#### [Stored data]

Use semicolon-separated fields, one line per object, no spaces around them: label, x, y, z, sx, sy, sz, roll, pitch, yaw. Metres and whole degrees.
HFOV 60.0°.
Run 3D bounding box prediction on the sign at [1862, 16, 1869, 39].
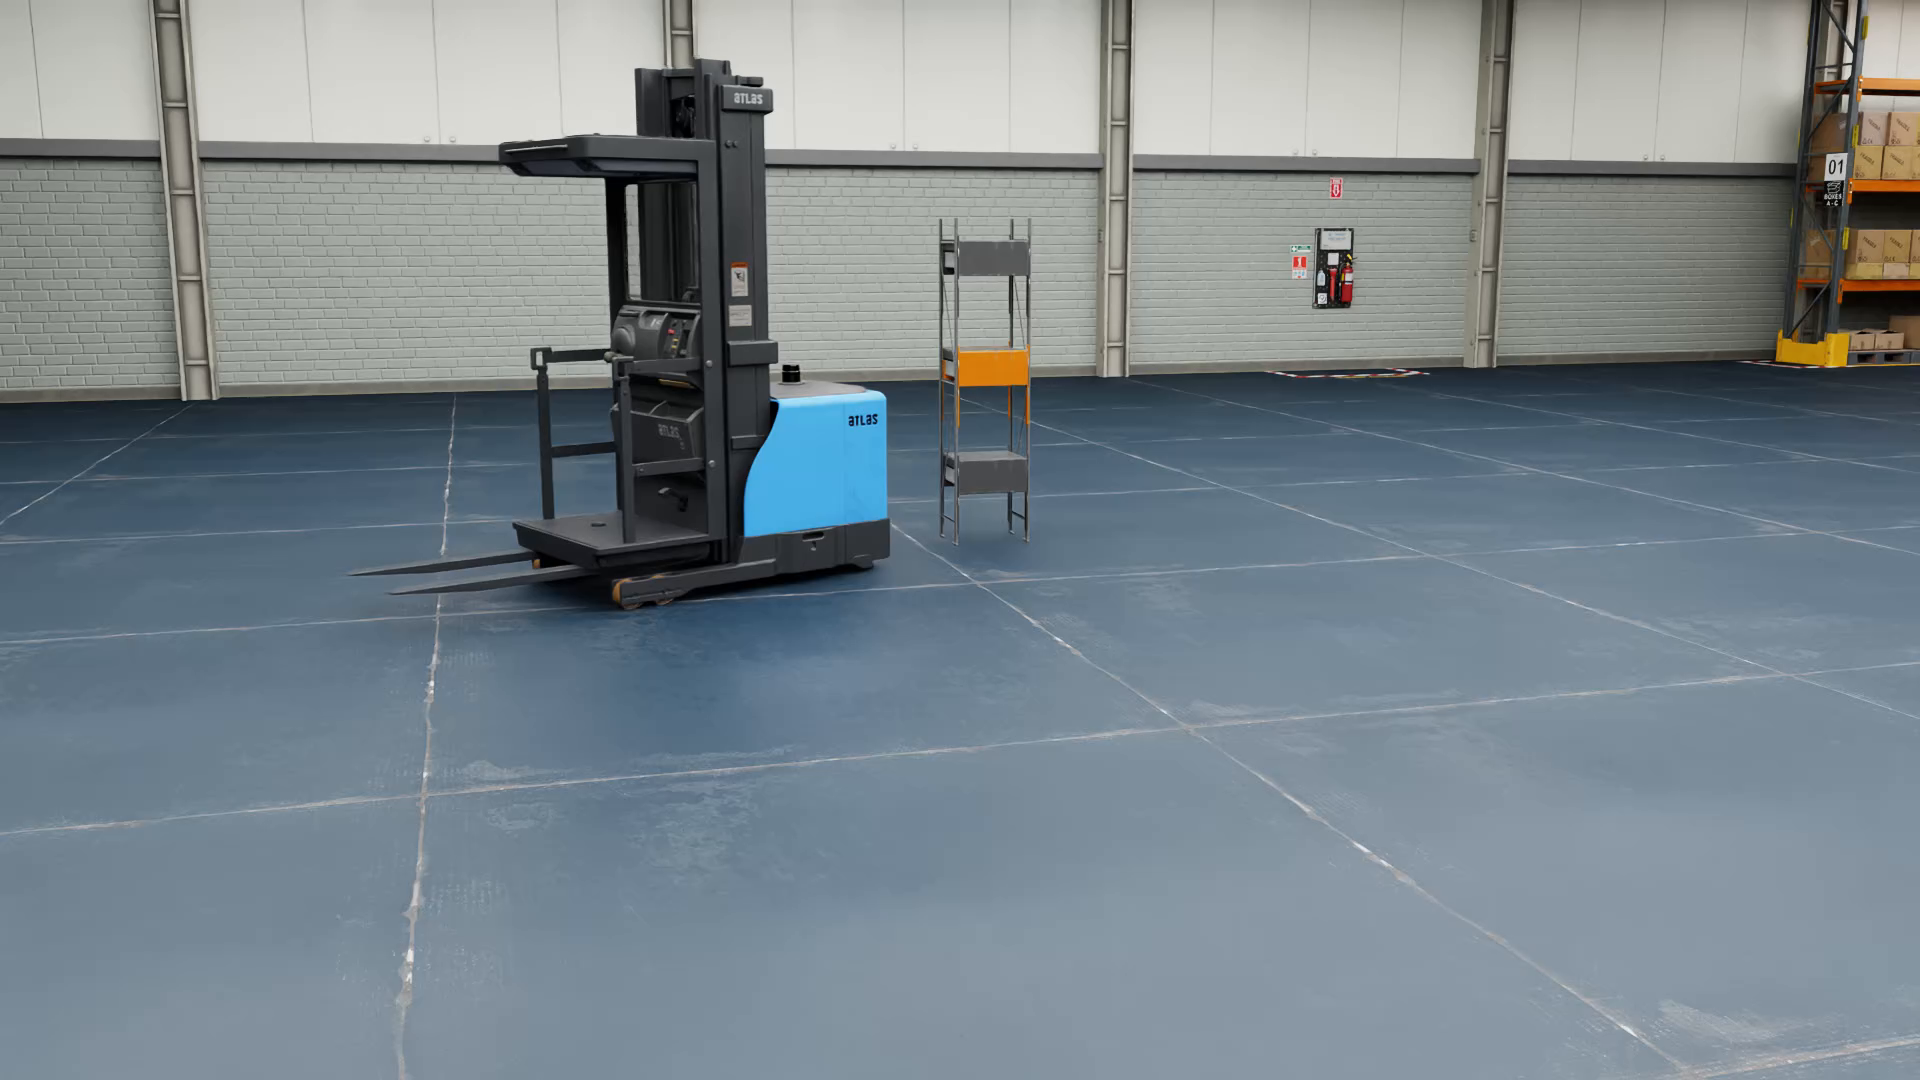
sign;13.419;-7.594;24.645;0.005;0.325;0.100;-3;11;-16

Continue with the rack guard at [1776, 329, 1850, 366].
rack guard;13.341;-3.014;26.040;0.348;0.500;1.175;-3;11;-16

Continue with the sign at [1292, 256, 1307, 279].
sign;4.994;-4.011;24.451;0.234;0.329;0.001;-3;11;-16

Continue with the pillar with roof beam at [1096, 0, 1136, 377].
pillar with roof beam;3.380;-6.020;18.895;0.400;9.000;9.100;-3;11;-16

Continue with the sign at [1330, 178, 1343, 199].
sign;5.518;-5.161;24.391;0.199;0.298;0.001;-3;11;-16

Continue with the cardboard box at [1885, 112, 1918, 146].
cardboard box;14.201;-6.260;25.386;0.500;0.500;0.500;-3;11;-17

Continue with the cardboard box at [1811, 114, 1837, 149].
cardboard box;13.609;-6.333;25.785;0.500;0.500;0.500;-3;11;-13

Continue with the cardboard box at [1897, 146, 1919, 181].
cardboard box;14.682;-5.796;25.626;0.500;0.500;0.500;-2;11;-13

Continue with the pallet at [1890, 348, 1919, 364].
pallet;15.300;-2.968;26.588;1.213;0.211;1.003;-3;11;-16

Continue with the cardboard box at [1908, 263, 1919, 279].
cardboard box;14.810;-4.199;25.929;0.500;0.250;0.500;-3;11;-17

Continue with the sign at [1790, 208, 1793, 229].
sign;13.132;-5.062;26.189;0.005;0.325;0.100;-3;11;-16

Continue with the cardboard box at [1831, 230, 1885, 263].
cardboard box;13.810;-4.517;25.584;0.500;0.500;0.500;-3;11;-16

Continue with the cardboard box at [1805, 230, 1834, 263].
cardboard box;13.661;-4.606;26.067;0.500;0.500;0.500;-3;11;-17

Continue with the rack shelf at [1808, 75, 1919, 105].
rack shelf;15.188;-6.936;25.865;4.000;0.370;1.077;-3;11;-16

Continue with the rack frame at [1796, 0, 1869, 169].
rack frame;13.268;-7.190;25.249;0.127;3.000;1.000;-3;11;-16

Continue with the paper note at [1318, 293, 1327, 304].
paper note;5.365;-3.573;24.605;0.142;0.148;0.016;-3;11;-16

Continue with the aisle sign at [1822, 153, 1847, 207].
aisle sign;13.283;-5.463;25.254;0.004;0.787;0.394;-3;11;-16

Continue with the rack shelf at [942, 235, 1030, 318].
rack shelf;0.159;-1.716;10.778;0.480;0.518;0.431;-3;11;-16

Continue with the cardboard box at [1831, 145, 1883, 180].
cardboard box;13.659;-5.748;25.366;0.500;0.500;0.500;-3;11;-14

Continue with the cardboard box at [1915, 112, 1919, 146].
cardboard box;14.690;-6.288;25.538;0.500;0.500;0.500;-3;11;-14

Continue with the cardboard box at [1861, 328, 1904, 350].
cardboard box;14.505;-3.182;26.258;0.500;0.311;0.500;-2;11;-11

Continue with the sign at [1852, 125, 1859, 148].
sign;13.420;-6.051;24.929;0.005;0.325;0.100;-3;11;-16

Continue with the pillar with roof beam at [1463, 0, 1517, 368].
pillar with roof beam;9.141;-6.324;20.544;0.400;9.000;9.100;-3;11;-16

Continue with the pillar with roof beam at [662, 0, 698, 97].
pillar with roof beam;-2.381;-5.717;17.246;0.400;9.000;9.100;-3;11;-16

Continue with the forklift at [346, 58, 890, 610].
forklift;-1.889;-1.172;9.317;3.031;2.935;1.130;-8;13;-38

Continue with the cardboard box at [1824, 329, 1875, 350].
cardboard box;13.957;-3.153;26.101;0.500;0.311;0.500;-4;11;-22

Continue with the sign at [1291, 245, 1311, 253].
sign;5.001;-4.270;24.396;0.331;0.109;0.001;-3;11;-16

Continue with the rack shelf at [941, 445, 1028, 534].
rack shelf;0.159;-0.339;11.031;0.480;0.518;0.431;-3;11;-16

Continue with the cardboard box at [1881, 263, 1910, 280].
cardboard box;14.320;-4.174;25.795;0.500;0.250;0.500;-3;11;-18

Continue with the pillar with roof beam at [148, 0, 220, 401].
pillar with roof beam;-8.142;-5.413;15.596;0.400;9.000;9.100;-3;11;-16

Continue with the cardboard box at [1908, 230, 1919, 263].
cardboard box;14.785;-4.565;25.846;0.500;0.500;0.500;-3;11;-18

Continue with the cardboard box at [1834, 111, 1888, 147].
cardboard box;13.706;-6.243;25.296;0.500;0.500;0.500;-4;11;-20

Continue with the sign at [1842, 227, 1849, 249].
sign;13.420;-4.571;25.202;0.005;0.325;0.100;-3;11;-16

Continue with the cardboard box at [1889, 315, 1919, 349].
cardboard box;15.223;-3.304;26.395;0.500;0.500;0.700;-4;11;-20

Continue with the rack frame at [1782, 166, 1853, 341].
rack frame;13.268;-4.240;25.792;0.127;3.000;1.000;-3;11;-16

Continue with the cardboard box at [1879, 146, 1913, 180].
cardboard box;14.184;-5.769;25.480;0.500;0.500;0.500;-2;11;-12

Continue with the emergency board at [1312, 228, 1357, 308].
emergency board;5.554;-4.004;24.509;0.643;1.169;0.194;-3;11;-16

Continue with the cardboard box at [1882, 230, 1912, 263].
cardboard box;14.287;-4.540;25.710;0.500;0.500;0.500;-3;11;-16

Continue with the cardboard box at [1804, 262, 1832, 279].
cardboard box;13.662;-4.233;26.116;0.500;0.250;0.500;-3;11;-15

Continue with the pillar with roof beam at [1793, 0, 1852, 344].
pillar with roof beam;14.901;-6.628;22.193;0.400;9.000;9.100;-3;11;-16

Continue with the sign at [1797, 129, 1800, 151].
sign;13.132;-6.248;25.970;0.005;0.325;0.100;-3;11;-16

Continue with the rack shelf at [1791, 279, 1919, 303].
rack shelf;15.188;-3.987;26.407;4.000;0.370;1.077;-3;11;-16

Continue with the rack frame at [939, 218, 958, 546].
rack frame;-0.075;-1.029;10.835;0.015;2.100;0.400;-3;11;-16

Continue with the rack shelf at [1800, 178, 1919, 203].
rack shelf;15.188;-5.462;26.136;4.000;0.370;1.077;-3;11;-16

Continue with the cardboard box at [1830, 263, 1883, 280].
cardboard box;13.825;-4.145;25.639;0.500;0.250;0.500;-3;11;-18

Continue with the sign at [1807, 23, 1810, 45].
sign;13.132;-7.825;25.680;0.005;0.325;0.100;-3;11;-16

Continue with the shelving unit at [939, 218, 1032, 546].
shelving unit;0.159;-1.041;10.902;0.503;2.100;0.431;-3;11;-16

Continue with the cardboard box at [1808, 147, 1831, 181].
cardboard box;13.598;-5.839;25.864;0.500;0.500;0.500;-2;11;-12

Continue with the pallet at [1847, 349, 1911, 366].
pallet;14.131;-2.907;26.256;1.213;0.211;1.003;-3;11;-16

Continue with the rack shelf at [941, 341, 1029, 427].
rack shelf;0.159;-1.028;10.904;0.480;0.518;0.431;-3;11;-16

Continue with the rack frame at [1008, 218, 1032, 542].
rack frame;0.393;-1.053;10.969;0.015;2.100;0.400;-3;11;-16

...

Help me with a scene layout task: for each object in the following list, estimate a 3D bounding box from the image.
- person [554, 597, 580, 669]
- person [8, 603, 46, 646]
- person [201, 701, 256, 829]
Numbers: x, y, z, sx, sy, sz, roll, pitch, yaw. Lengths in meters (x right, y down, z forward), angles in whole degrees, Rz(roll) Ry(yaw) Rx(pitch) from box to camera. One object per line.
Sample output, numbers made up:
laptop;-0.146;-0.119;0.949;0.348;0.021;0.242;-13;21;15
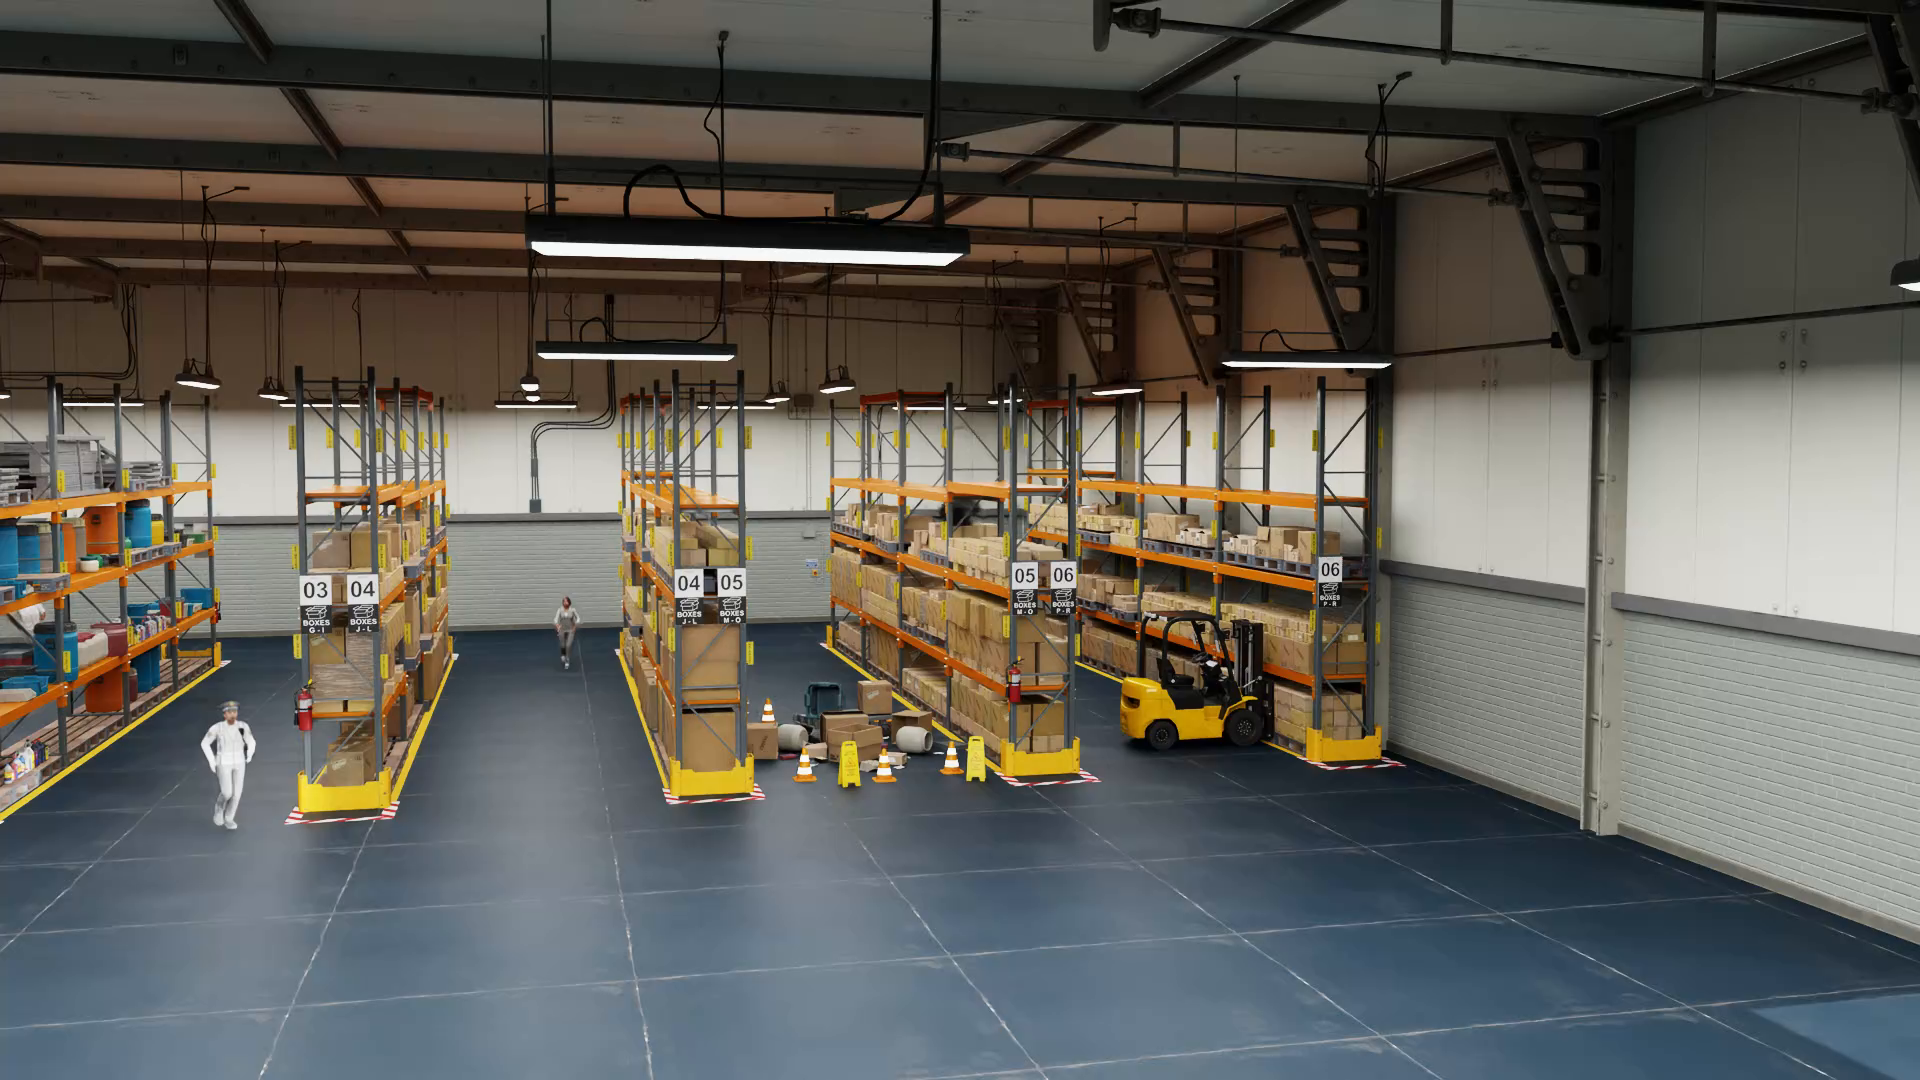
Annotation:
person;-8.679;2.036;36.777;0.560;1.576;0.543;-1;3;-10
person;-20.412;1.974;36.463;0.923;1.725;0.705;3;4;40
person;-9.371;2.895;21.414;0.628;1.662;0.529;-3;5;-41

#### [Exercise]
Go through the records. Copy each line where "whole" appears.

#### [Result for this exercise]
Use semicolon-separated fields, one line per object, no spaces around them: label, x, y, z, sx, sy, sz, roll, pitch, yaw. Metres and whole degrees.
Numbers: x, y, z, sx, sy, sz, roll, pitch, yaw. Lengths in meters (x right, y down, z forward), angles in whole degrees, Rz(roll) Ry(yaw) Rx(pitch) from box to camera. One object per line.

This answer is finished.